5/ La plupart de ceux qui se prévalent «entrepreneurs» et qui très souvent font beaucoup de bruit autour d’associations, de patronats ou de groupements d’hommes d’affaires sont de parfaits inconnus dans le monde réel du travail et de l’entrepreneuriat. Ils trustent les présidences et autres postes de responsabilité sans être en mesure de vous montrer une seule usine ou une seule entreprise qu’ils auraient créée et qu’ils sont en train de manager. De véritables usurpateurs qui sont en réalité de redoutables escrocs. Experts dans l’art de l’infiltration et du trafic d’influence, ils squattent les endroits chics et organisent régulièrement des soirées et dîners de gala festifs pour y décerner des prix de pacotille (Cauris, Sedar et autres) à de vrais managers qui se seront laissés plumer en toute beauté en acceptant de payer au prix fort ces trophées en toc, véritables colifichets désuets dans une innocence complice. Ils sont là et se reconnaissent très bien tout en étant très bien connus de tout le monde. Mais on laisse faire dans un système de falsification et d’imposture laxiste. Du vrai ponce pilatisme. Ne suivez pas mon regard deh.

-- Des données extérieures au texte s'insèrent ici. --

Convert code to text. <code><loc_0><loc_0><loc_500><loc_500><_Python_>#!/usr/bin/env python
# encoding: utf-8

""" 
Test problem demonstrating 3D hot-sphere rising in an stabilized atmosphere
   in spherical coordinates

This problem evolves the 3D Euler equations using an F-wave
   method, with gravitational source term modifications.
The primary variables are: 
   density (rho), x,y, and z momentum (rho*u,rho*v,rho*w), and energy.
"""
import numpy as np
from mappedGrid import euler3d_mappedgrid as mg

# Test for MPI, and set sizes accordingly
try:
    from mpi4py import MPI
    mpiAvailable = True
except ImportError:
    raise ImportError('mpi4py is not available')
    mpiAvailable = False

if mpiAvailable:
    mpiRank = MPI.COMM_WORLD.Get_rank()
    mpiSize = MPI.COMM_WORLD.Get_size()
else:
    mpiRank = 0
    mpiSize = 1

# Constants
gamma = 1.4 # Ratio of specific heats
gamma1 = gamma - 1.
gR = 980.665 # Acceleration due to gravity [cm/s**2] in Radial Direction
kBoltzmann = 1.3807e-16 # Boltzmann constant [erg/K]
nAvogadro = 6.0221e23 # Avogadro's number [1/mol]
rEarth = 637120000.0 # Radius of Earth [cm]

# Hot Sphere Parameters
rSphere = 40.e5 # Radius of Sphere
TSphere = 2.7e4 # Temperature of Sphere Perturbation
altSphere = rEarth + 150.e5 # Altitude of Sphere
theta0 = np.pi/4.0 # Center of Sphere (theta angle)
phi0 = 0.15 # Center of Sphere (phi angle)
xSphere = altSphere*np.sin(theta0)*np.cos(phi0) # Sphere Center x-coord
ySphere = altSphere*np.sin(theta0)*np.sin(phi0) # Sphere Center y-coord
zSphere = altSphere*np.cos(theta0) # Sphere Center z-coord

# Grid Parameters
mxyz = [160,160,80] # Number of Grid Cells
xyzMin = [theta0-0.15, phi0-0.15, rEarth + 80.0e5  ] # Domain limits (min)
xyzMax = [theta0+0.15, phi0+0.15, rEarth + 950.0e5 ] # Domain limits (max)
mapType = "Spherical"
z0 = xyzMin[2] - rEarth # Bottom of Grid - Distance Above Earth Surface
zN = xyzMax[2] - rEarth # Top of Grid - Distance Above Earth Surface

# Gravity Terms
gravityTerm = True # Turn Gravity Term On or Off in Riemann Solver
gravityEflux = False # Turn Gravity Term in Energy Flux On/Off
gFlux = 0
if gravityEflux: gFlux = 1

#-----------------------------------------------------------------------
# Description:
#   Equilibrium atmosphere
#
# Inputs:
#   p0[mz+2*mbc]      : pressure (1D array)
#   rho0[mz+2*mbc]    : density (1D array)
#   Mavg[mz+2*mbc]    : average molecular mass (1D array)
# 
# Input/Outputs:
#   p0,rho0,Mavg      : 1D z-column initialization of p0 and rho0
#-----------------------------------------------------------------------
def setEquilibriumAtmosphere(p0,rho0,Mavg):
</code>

6/ Dès lors, comment peut-il être étonnant que les scandales dans les commandes publiques allouées aux entrepreneurs nationaux se suivent et se multiplient sans cesse dans tous les domaines ?

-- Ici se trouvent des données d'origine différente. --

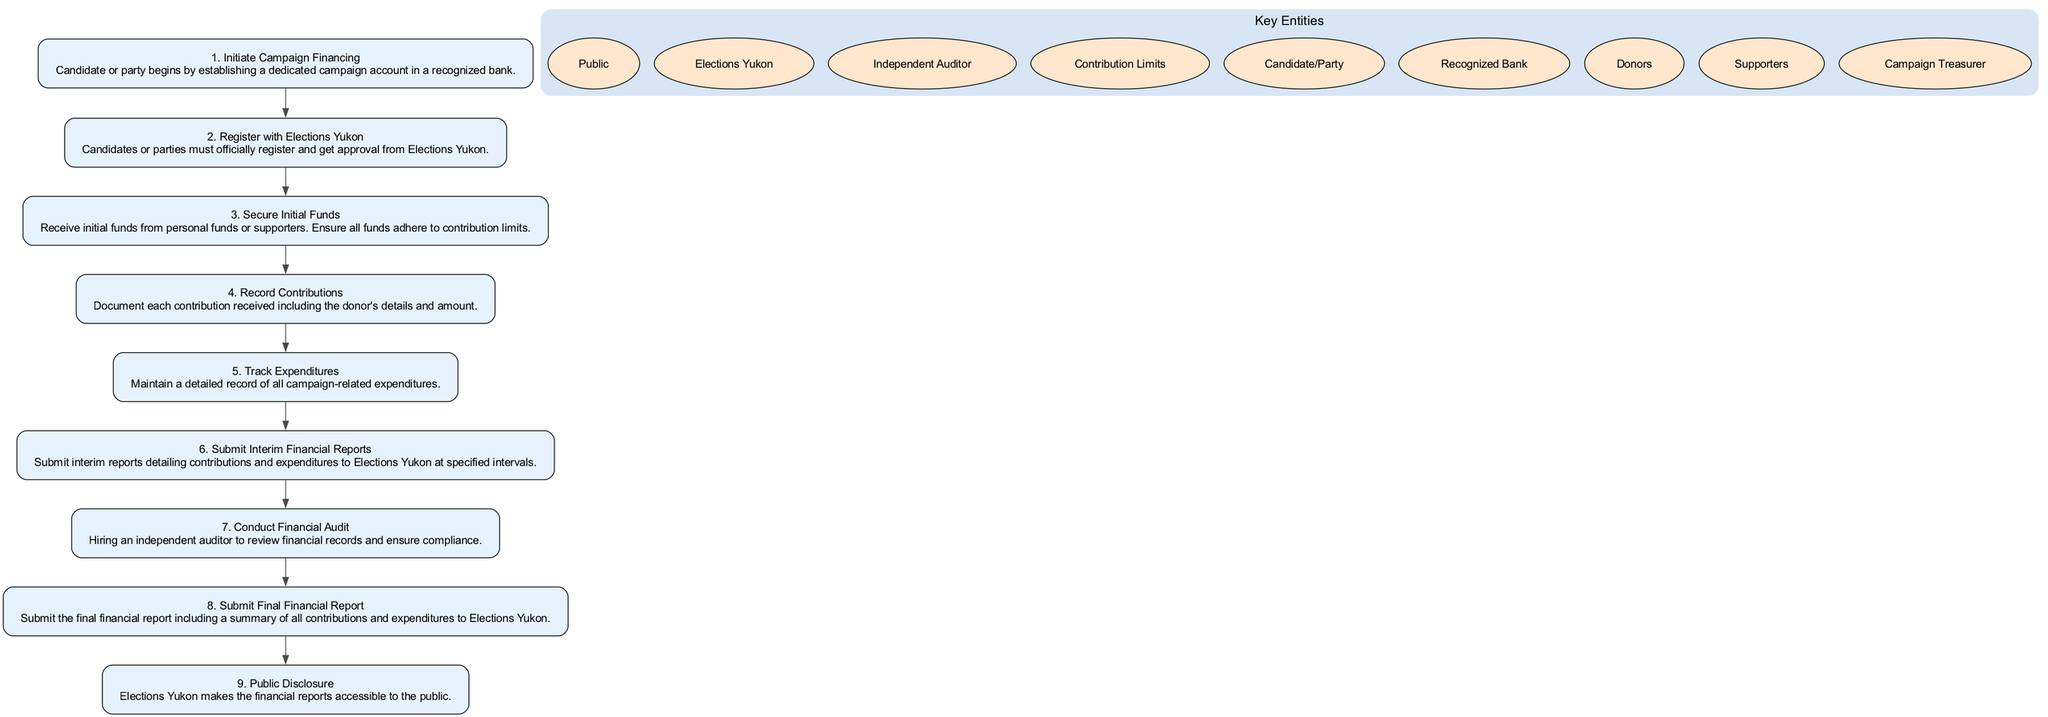What is the first step in the process? The first step is labeled "1. Initiate Campaign Financing" which prompts the candidate or party to establish a campaign account in a recognized bank.
Answer: Initiate Campaign Financing How many steps are in the process? Counting all the nodes in the diagram, there are nine distinct steps outlined in the process of campaign financing and expenditure disclosure.
Answer: 9 What must be done after securing initial funds? Following the step of securing initial funds, the next step is to "Record Contributions", where the candidate or party documents contributions received from donors.
Answer: Record Contributions Who must candidates or parties register with? Candidates or parties are required to register with "Elections Yukon" to gain approval to proceed with their campaign.
Answer: Elections Yukon What happens to the financial reports after submission? After the final financial report is submitted, "Elections Yukon" will make the financial reports accessible to the public, ensuring transparency in campaign financing.
Answer: Public Disclosure What role does the Campaign Treasurer play? The Campaign Treasurer is involved in multiple steps, specifically in recording contributions, tracking expenditures, and submitting interim and final financial reports.
Answer: Multiple roles What is the purpose of the financial audit? The financial audit ensures compliance with campaign financing regulations by involving an independent auditor to review the financial records.
Answer: Compliance Which step requires timing for report submission? The step that requires specific timing for submission of reports is "Submit Interim Financial Reports," where candidates or parties must report contributions and expenditures at predetermined intervals.
Answer: Submit Interim Financial Reports Identify the last step of the process. The last step in the campaign financing process is "9. Public Disclosure," which indicates that the reports are made available to the public after all submissions are completed.
Answer: Public Disclosure 
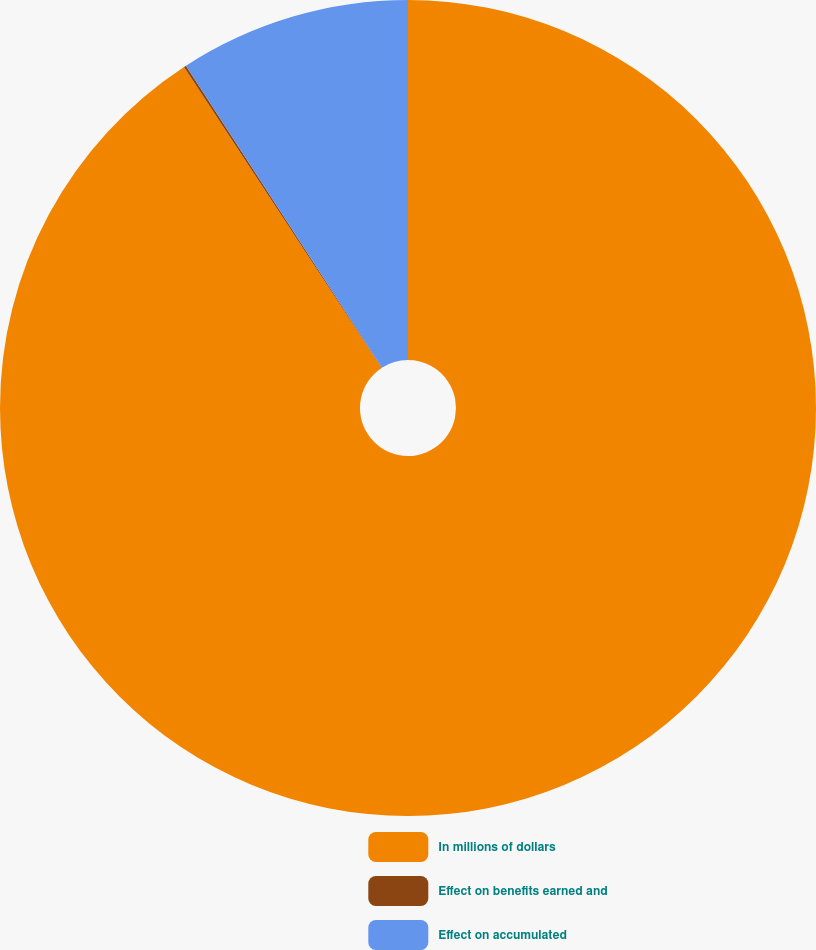<chart> <loc_0><loc_0><loc_500><loc_500><pie_chart><fcel>In millions of dollars<fcel>Effect on benefits earned and<fcel>Effect on accumulated<nl><fcel>90.75%<fcel>0.09%<fcel>9.16%<nl></chart>

Quelques rappels de «l’expertise» et des «hauts faits d’armes» de nos capitaines d’industrie nationaux.
Le Building administratif qui, d’avenant en avenant, est passé de huit milliards à plus de quinze milliards et qui peine toujours à être achevé et livré définitivement plus de dix ans après le démarrage des chantiers. L’hôpital de Fatick qui aura mis plus de 10 ans sans être jamais terminé. Et ce n’est pas Mballo Dia Thiam de «And Guesseum» qui va me démentir. Le Mémorial «Le Joola» qui aura mis plus de vingt ans avant d’être finalisé tandis que le Mémorial de Gorée, l’autre combat épique du «lauréat des prix de la poésie francophone», reste encore à l’état larvaire plus de vingt ans après son lancement. L’état d’exécution du stade de Sédhiou qui n’a pas fini de scandaliser la ministre des Sports, le scandale des semences et tant, tant d’autres chantiers, commandes et marchés dont les affairistes et entrepreneurs autoproclamés se sont emparés et en véritables sangsues, les ont littéralement sabotés et sabordés sans état d’âme aucun. Tous, tant qu’ils sont, une fois, l’avance de démarrage d’un marché de travaux de chantiers, de fournitures ou de toutes autres prestations de service, encaissée , ils s’empressent de se rendre chez leur marabout pour payer leur dîme, se coltiner pour certains, une nouvelle épouse et pour d’autres se payer un véhicule haut de gamme pour marquer leur entrée dans «la cour des Grands»… Cour des grands voleurs. Oui. Mais Allah ne dort pas et veille toujours. Ainsi, toute entreprise assise sur l’injustice, la roublardise, le vol, la concussion et autres «taf yenguel» ou «ndjoutt ndiath» est inexorablement vouée à la décrépitude et à la faillite. irrémédiablement.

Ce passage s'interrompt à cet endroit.